The department neglected its leadership role, the written report said, by failing to apply its trove of data nerveless from the California Healthy Kids Survey, which asks children in four grade levels questions well-nigh school rubber and connectedness, to guide improvements in practices and policy. "By failing to perform whatever analysis of the Kids Survey results, educational activity is missing an opportunity to evaluate trends in students' views on school climate, which could better inform both it and the Legislature on boosted steps that could exist taken to improve schoolhouse safety in California," the written report stated. Because of a federal budget cut, California schools are no longer required to administrate the survey every two years to be in compliance with the federal Safe and Drug-Free Schools and Communities Act.

Also criticized was the section'southward website of bullying resources for schools, with auditors determining that the site was cluttered with 10-year-quondam inquiry, a dead link, and little data on electric current issues such as online bullying or bullying related to existence perceived as gay or lesbian. In its survey, the audit constitute that more than one-half of the schoolhouse districts, charter schools and county offices of educational activity were unaware that the department even had resource to assist them in complying with laws to protect students from harassment and discrimination.

Zeiger, the state official, disputed that audit's contention that the department was non a leader in protecting students.

"Protecting student safety and guarding against discrimination are top priorities at the California Section of Pedagogy," he said, "and the department has been a leader in the prevention of bullying and assisting schools, parents and students in safety issues."
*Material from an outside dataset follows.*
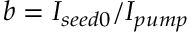<formula> <loc_0><loc_0><loc_500><loc_500>b = I _ { s e e d 0 } / I _ { p u m p }</formula>

Complaint procedure faulted

The audit noted that schools are encouraged to use their own staff to resolve bullying complaints quickly, but that resolving complaints internally could lead to conflicts of involvement. The audit cited 2 incidents in Sacramento City Unified School District where the administrator who was assigned to resolve a complaint of bullying, harassment, intimidation or discrimination was the aforementioned person named in the complaint for allegedly declining to have appropriate action to address the pupil incident. The audit did not provide details about the specific complaints.

Sacramento Metropolis volition have immediate activeness to strengthen its anti-bullying efforts, said district spokesman Gabe Ross. He added that the district was the first in the surface area to implement a comprehensive anti-bullying policy and now has a total-fourth dimension, grant-funded anti-bullying specialist at the commune level.

"Our schools are certainly safer for kids than they were before we began this piece of work ii years ago," Ross said.